Dataset records
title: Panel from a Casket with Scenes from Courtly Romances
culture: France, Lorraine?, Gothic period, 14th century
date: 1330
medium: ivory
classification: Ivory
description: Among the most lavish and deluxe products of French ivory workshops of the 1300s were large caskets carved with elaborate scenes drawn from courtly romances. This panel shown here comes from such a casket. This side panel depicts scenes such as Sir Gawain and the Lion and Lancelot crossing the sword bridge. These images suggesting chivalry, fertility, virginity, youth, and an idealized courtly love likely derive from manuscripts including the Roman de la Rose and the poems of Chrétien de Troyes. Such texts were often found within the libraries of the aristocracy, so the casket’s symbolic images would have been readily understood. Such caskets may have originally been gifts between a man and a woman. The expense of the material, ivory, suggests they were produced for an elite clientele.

==

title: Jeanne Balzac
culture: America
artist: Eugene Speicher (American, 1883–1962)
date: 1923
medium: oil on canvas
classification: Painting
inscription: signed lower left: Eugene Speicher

Problem to solve: Your reply is to repeat, unchanged, the lines above running from the one with "title: Panel from" up to and including the one with "classification: Ivory".

Expected answer:
title: Panel from a Casket with Scenes from Courtly Romances
culture: France, Lorraine?, Gothic period, 14th century
date: 1330
medium: ivory
classification: Ivory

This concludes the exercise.